= EXERCISE DETAILS =
Please reproduce the data exactly, excluding any pictures it contains.

= DATA FOR REVIEW =
+---+

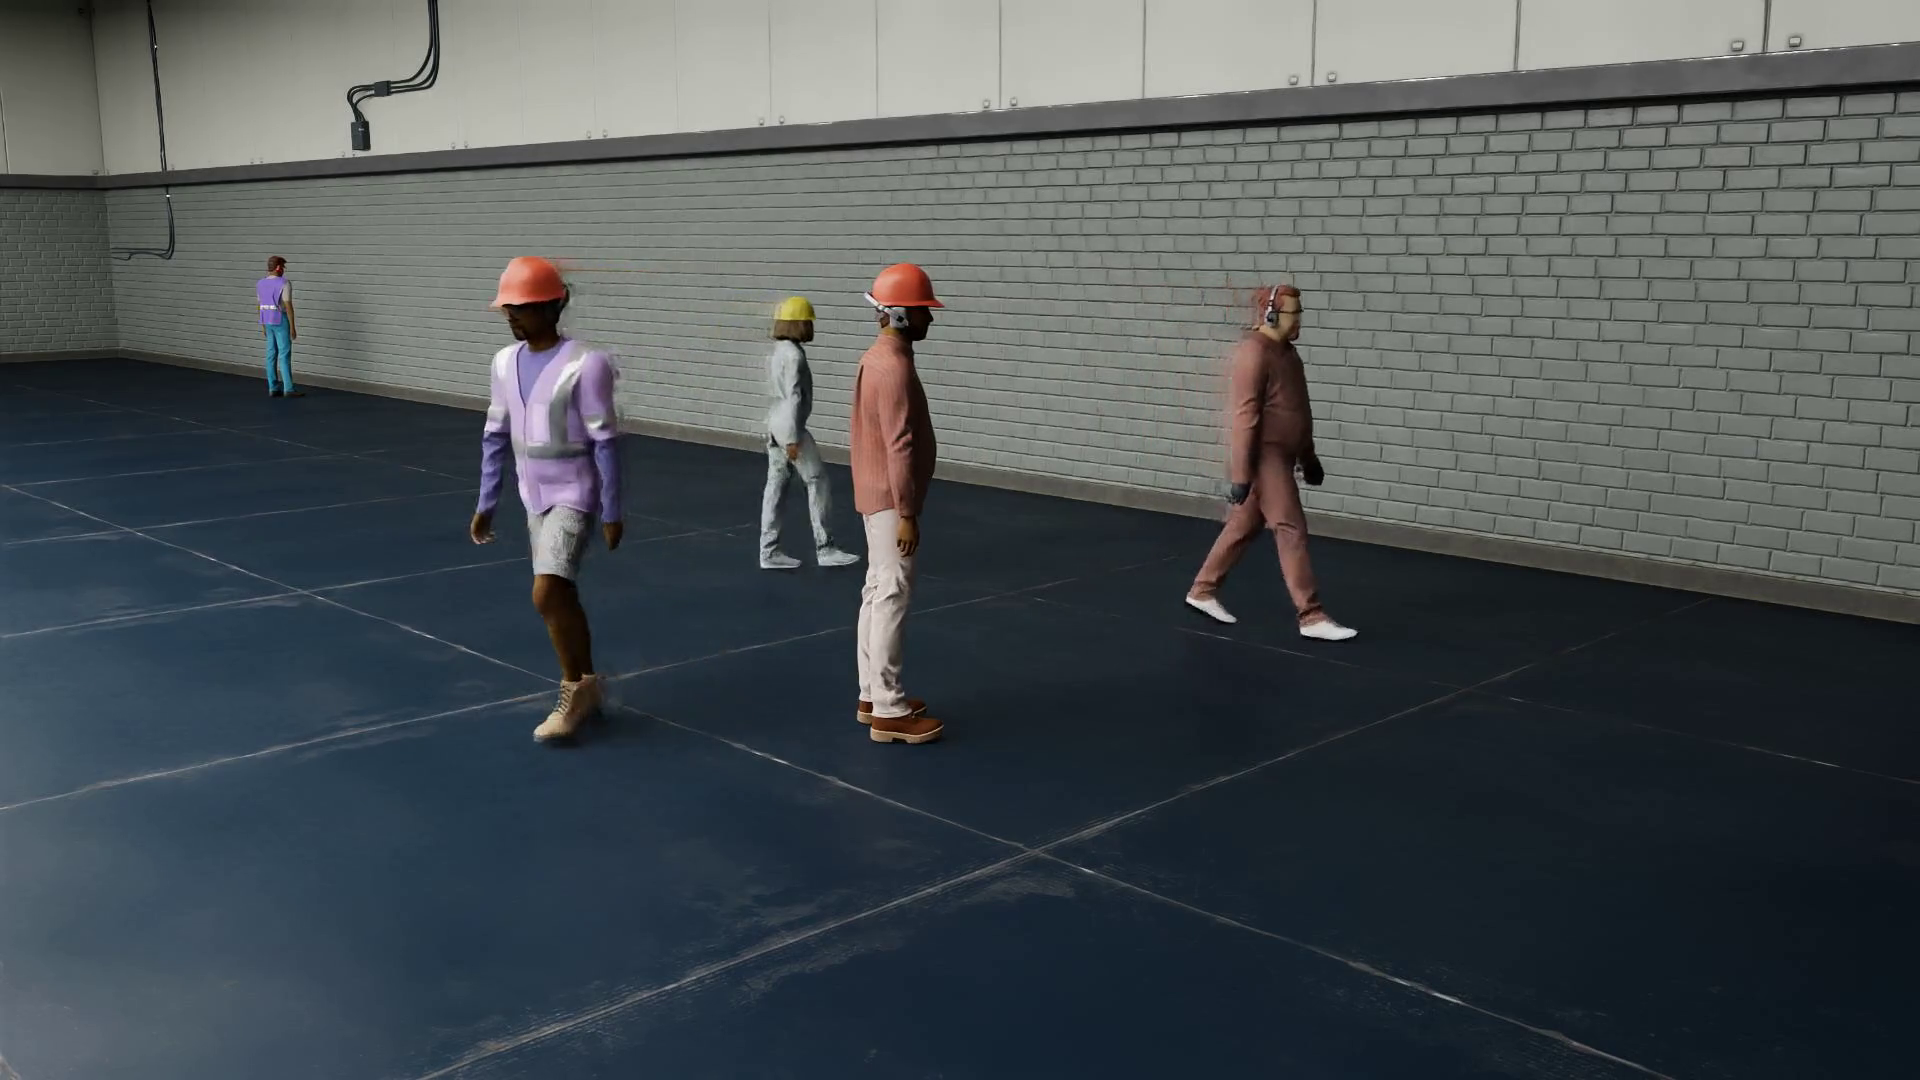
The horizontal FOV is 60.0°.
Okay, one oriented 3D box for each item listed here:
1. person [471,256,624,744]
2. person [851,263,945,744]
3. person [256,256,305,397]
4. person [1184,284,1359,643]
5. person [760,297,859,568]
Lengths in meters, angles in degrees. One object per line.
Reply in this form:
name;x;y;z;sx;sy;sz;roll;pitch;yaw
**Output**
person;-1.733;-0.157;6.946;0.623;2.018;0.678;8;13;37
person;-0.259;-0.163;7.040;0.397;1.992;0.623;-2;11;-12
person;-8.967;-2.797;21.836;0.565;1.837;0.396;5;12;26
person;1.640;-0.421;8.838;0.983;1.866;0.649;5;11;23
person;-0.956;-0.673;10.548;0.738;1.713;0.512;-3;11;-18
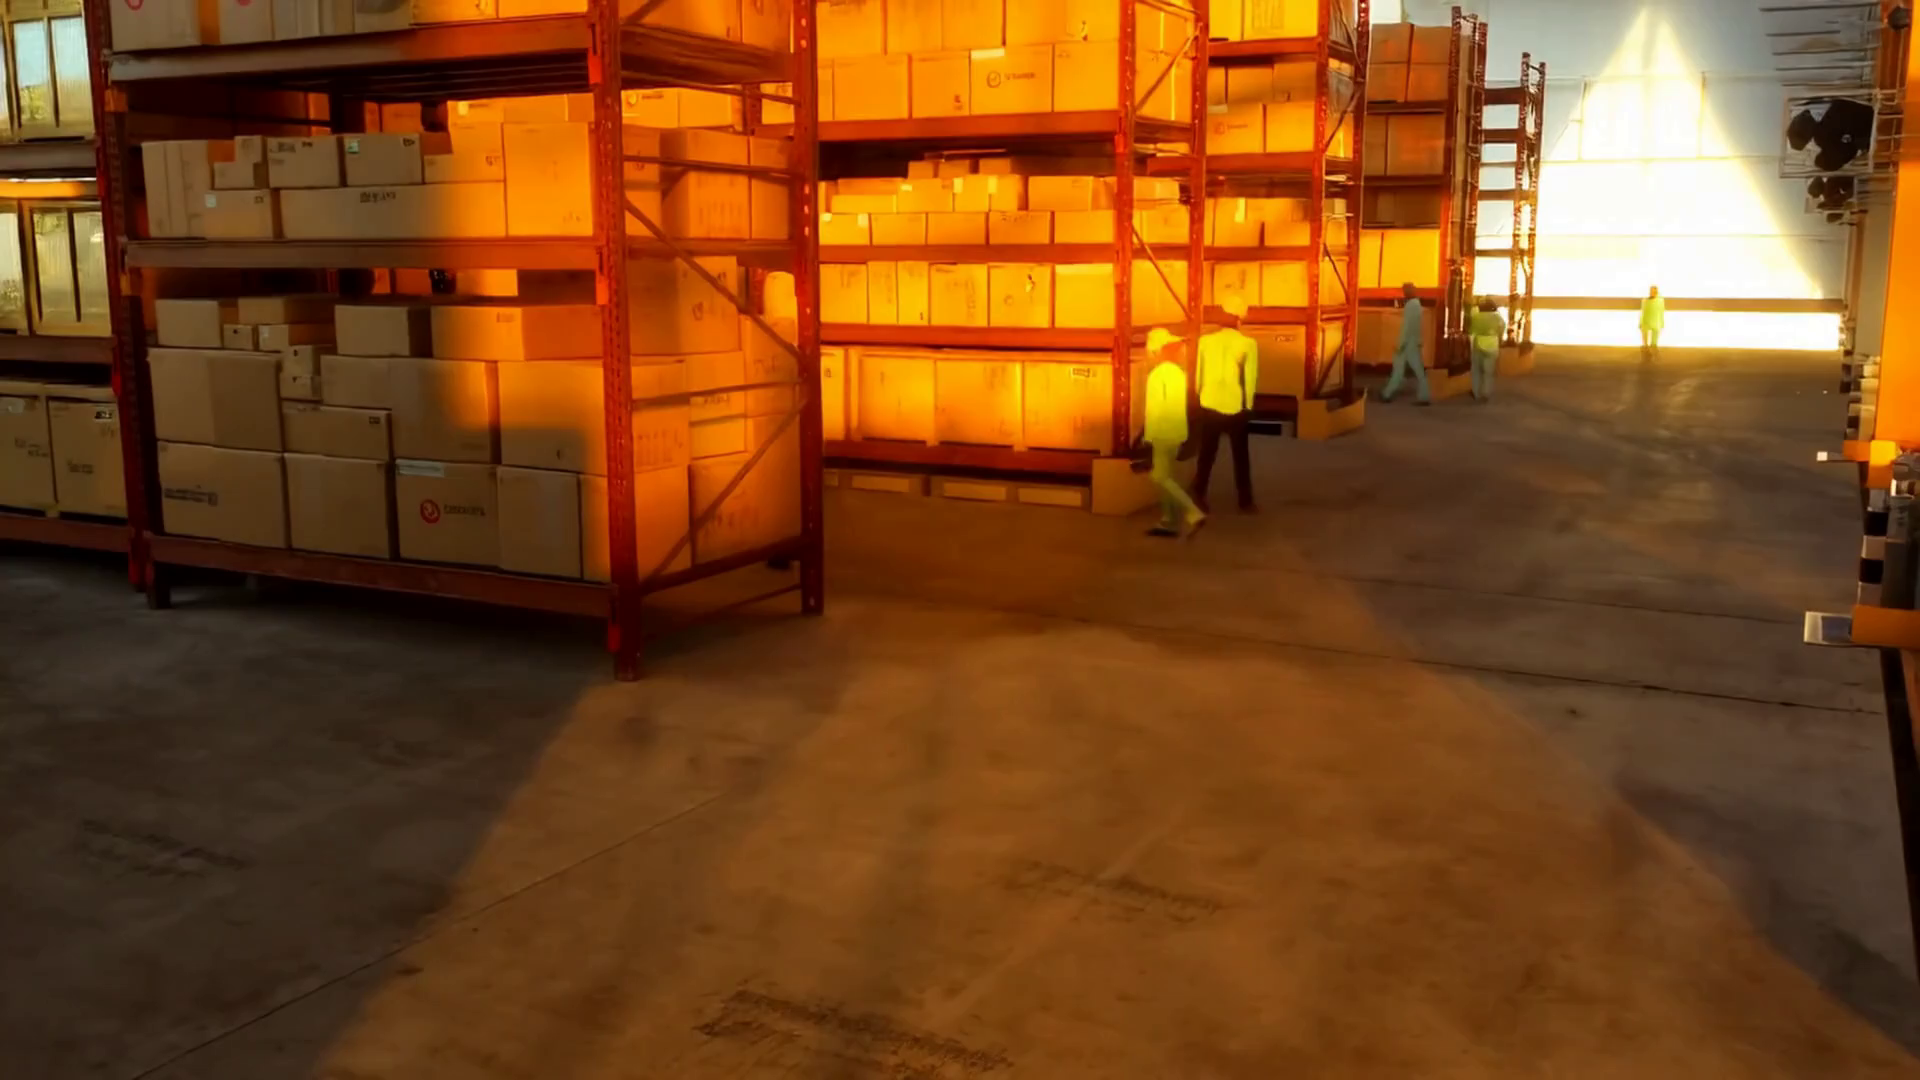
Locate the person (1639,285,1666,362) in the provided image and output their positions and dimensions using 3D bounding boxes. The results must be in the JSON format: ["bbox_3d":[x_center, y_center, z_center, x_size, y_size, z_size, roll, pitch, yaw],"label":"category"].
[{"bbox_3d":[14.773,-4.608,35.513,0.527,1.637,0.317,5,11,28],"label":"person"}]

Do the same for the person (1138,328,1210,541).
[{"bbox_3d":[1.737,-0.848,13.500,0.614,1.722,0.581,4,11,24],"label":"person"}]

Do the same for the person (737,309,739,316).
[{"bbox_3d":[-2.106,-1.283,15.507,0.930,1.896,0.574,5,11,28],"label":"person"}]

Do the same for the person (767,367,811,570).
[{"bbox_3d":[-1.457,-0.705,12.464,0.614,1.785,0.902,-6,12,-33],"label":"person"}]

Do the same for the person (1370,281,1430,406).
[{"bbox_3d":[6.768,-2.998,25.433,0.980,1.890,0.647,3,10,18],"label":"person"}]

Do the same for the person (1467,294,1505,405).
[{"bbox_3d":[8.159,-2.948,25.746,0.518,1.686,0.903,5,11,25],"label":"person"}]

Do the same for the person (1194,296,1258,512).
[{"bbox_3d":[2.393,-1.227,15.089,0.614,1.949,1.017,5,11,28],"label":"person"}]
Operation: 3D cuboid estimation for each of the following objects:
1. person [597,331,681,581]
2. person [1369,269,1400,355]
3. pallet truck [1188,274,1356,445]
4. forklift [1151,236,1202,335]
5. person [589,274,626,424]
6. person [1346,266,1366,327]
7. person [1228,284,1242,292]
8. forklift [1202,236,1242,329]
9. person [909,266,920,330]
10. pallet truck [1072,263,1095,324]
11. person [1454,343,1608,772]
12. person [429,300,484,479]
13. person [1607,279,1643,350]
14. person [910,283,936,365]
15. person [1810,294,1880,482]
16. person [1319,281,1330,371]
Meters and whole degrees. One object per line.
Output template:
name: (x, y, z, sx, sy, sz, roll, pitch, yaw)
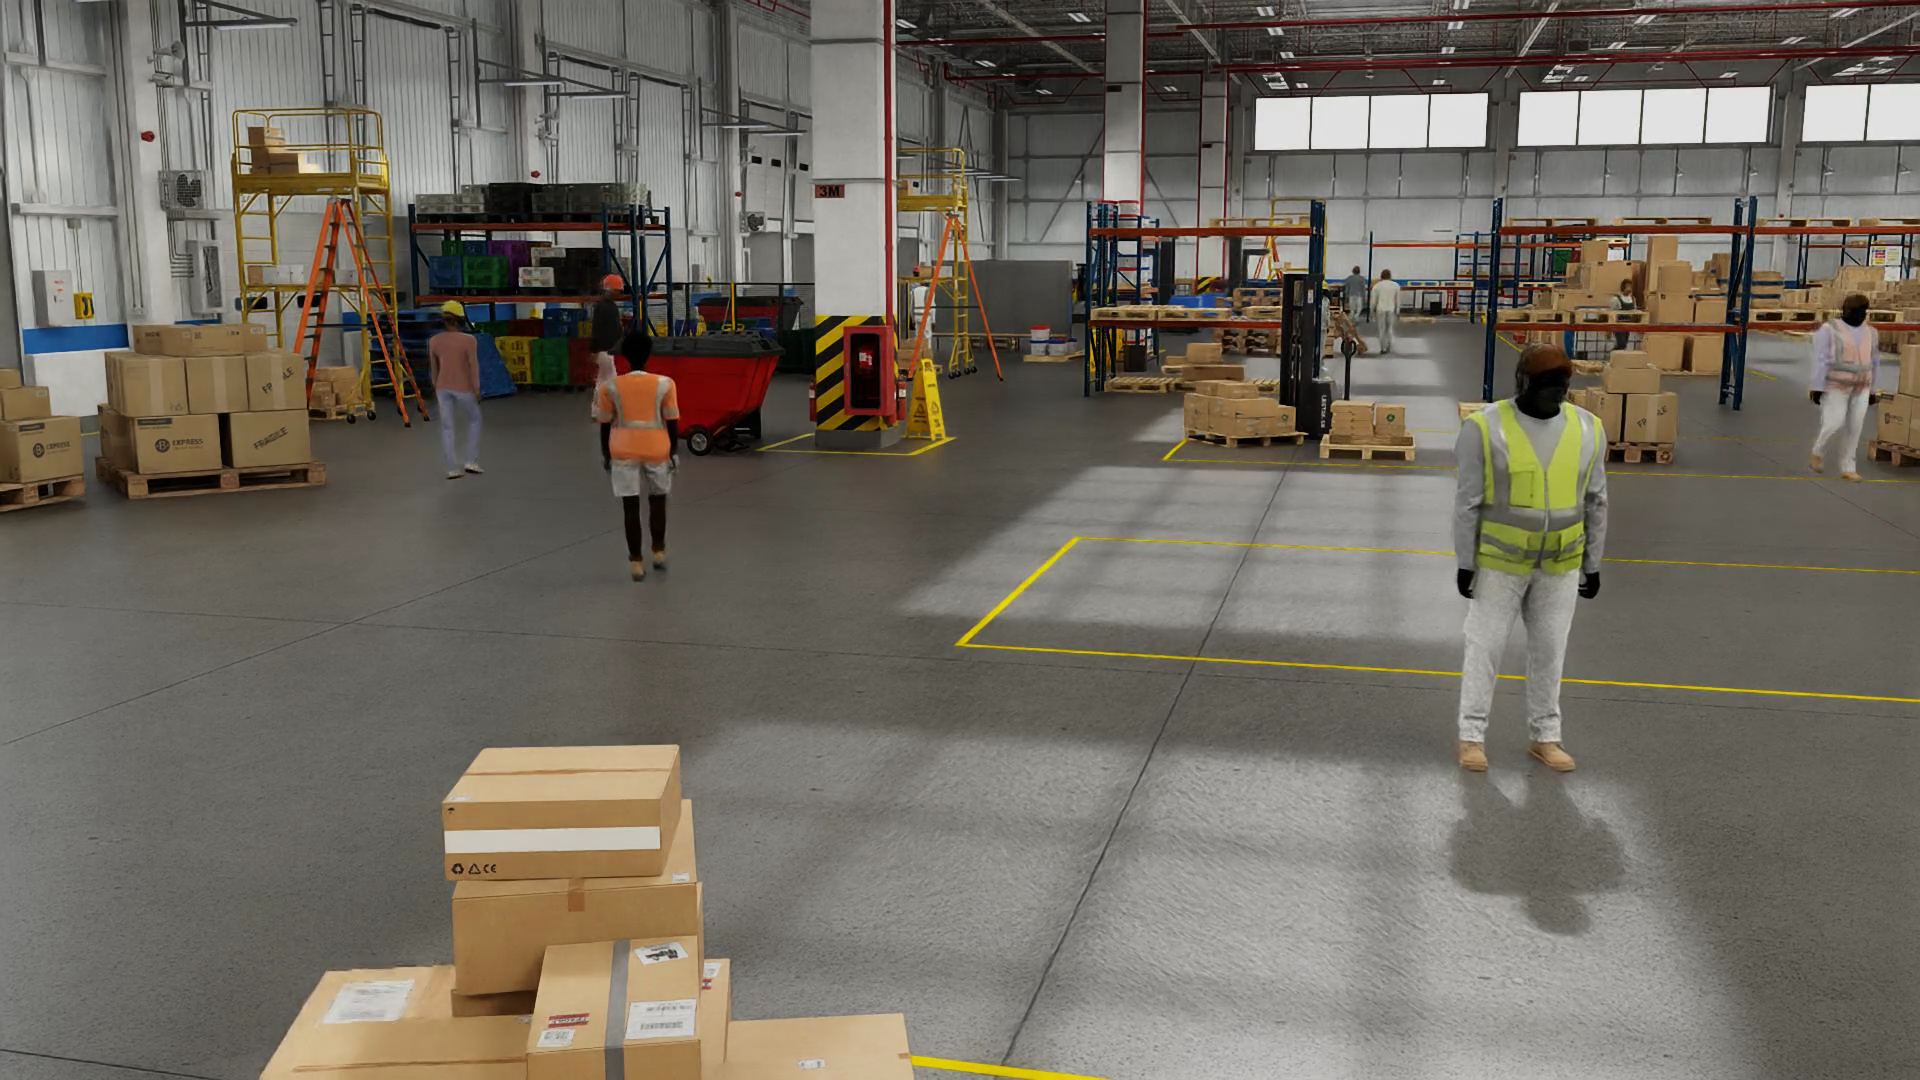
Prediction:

+---+

= ANSWER TO THIS EXERCISE =
The horizontal FOV is 60.0°.
Okay, one oriented 3D box for each item listed here:
1. person [471,256,624,744]
2. person [851,263,945,744]
3. person [256,256,305,397]
4. person [1184,284,1359,643]
5. person [760,297,859,568]
Lengths in meters, angles in degrees. One object per line.
Reply in this form:
name;x;y;z;sx;sy;sz;roll;pitch;yaw
**Output**
person;-1.733;-0.157;6.946;0.623;2.018;0.678;8;13;37
person;-0.259;-0.163;7.040;0.397;1.992;0.623;-2;11;-12
person;-8.967;-2.797;21.836;0.565;1.837;0.396;5;12;26
person;1.640;-0.421;8.838;0.983;1.866;0.649;5;11;23
person;-0.956;-0.673;10.548;0.738;1.713;0.512;-3;11;-18
Locate the person (1639,285,1666,362) in the provided image and output their positions and dimensions using 3D bounding boxes. The results must be in the JSON format: ["bbox_3d":[x_center, y_center, z_center, x_size, y_size, z_size, roll, pitch, yaw],"label":"category"].
[{"bbox_3d":[14.773,-4.608,35.513,0.527,1.637,0.317,5,11,28],"label":"person"}]

Do the same for the person (1138,328,1210,541).
[{"bbox_3d":[1.737,-0.848,13.500,0.614,1.722,0.581,4,11,24],"label":"person"}]

Do the same for the person (737,309,739,316).
[{"bbox_3d":[-2.106,-1.283,15.507,0.930,1.896,0.574,5,11,28],"label":"person"}]

Do the same for the person (767,367,811,570).
[{"bbox_3d":[-1.457,-0.705,12.464,0.614,1.785,0.902,-6,12,-33],"label":"person"}]

Do the same for the person (1370,281,1430,406).
[{"bbox_3d":[6.768,-2.998,25.433,0.980,1.890,0.647,3,10,18],"label":"person"}]

Do the same for the person (1467,294,1505,405).
[{"bbox_3d":[8.159,-2.948,25.746,0.518,1.686,0.903,5,11,25],"label":"person"}]

Do the same for the person (1194,296,1258,512).
[{"bbox_3d":[2.393,-1.227,15.089,0.614,1.949,1.017,5,11,28],"label":"person"}]
Operation: 3D cuboid estimation for each of the following objects:
1. person [597,331,681,581]
2. person [1369,269,1400,355]
3. pallet truck [1188,274,1356,445]
4. forklift [1151,236,1202,335]
5. person [589,274,626,424]
6. person [1346,266,1366,327]
7. person [1228,284,1242,292]
8. forklift [1202,236,1242,329]
9. person [909,266,920,330]
10. pallet truck [1072,263,1095,324]
11. person [1454,343,1608,772]
12. person [429,300,484,479]
13. person [1607,279,1643,350]
14. person [910,283,936,365]
15. person [1810,294,1880,482]
16. person [1319,281,1330,371]
Meters and whole degrees. One object per line.
Output template:
name: (x, y, z, sx, sy, sz, roll, pitch, yaw)
Prediction:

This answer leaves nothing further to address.